Obserwując postępy badań naukowych nad mięsem pochodzenia roślinnego i ogromny wysyp ofert mięsa roślinnego w sklepach i restauracjach, nie ryzykujemy zbyt wiele zmieniając choć trochę nasze nawyki kulinarne. Mięso pochodzenia roślinnego o wysokiej wierności odtworzenia smaku i wyglądu, przemawiające zdecydowanie do osób jedzących mięso, jest nowością relatywnie od niedawna.
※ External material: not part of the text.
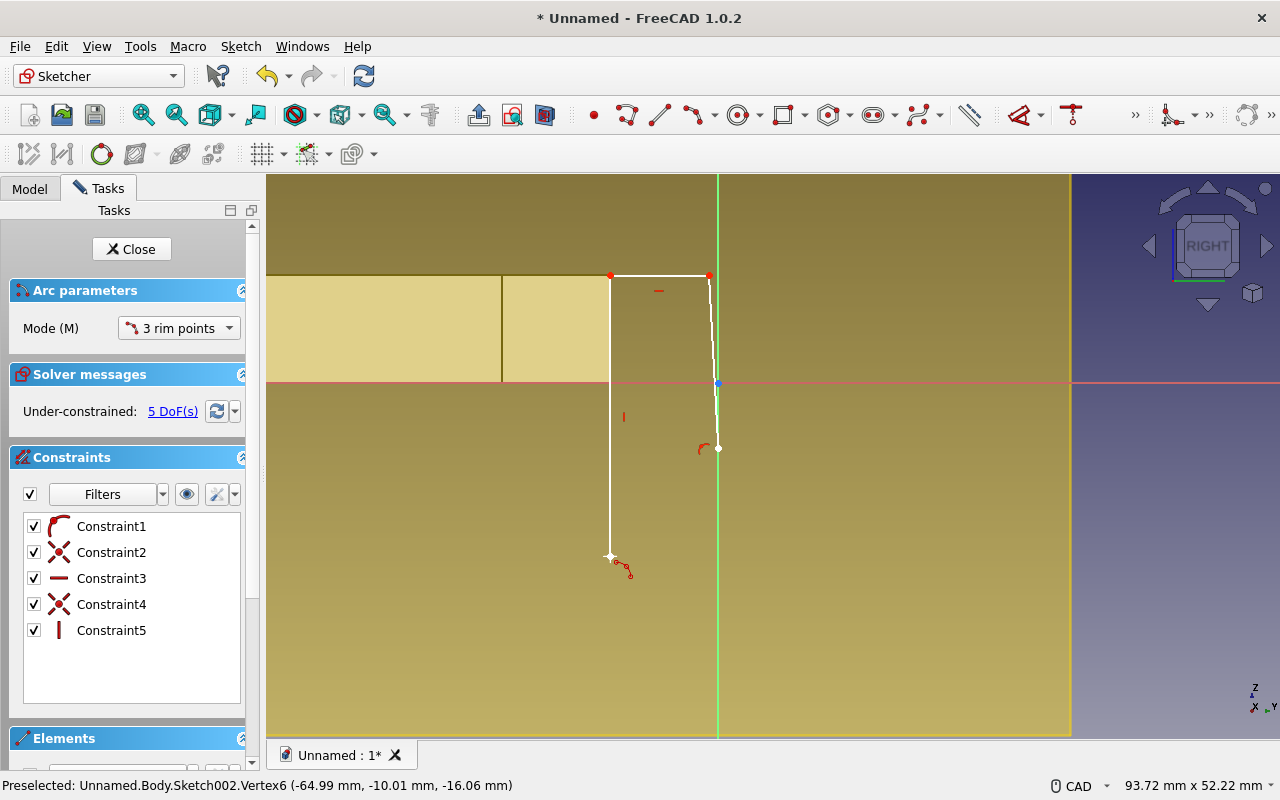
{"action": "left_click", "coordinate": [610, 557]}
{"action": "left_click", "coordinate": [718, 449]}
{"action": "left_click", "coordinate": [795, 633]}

Choć od wieków znamy tofu, tempeh i inne źródła białka pochodzenia roślinnego, jednak dopiero niedawno odkryliśmy, jak produkować mięso z roślin, które zaoferuje wrażenia sensoryczne niemal nie do odróżnienia od oryginałów, jak burger, łosoś czy kawałek kurczaka.
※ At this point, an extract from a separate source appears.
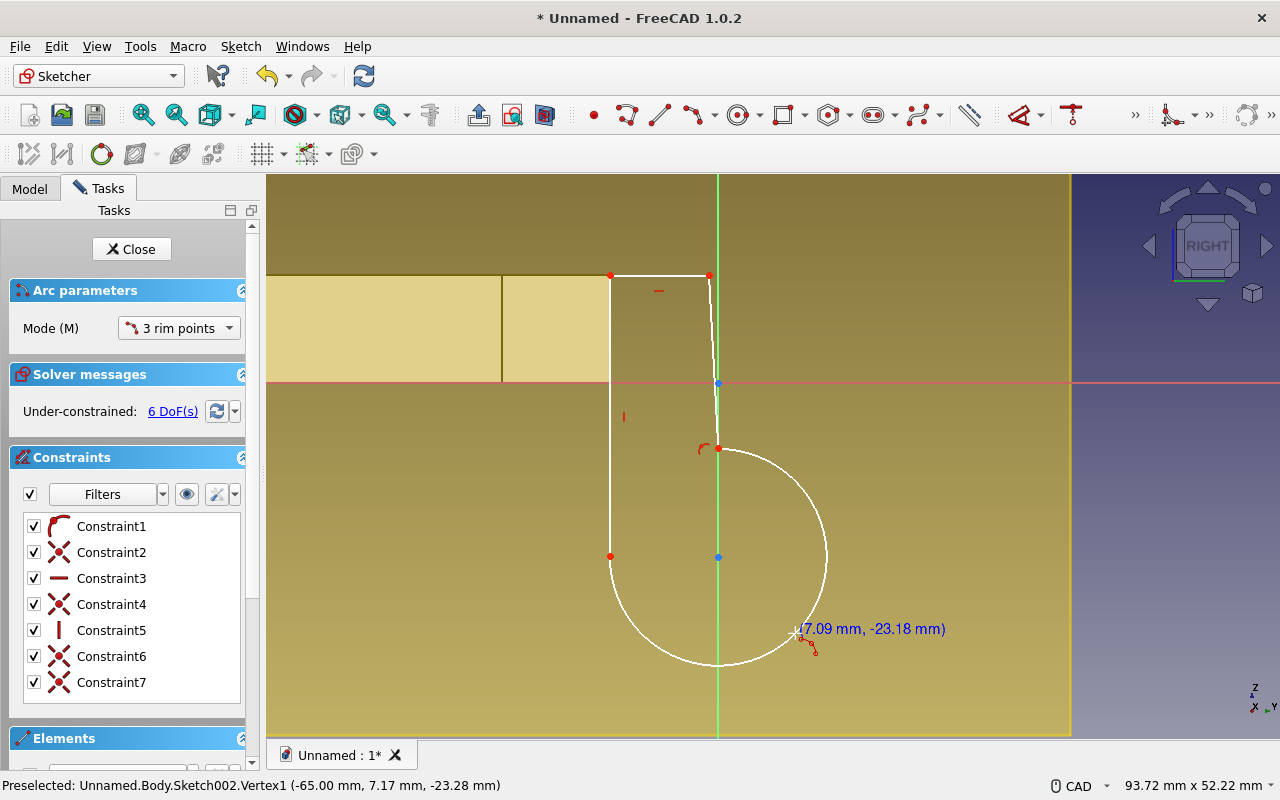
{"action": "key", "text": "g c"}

Rośnie nowa grupa konsumentów - fleksitarianie, którzy szukają roślinnych alternatyw dla mięsa, zapewniających takie same wrażenia sensoryczne jak mięso naturalne, jednocześnie niezbyt skłonnych do całkowitej rezygnacji z produktów pochodzenia zwierzęcego. Świadoma decyzja o jedzeniu większej ilości roślin oraz produktów na bazie roślin wynika z troski o własne zdrowie, środowisko a także ochronę zwierząt. Przy okazji może to być również dobry sposób na zwiększenie różnorodności kulinarnej, dzięki smacznym, zdrowym i niedrogim posiłkom. Wzrost fleksitarianizmu oznacza wprost proporcjonalny wzrost rynku żywności pochodzenia roślinnego, w tym roślinnego mięsa, a to dobrze wróży dla naszego zdrowia i planety.
Meati - alternatywne mięso roślinne na bazie grzybów
Jeśli jednak mięso z roślin nie przemawia do was kusząco, może warto spróbować mięsa z grzybów, amerykańskiej marki Meati, podobno rewelacja.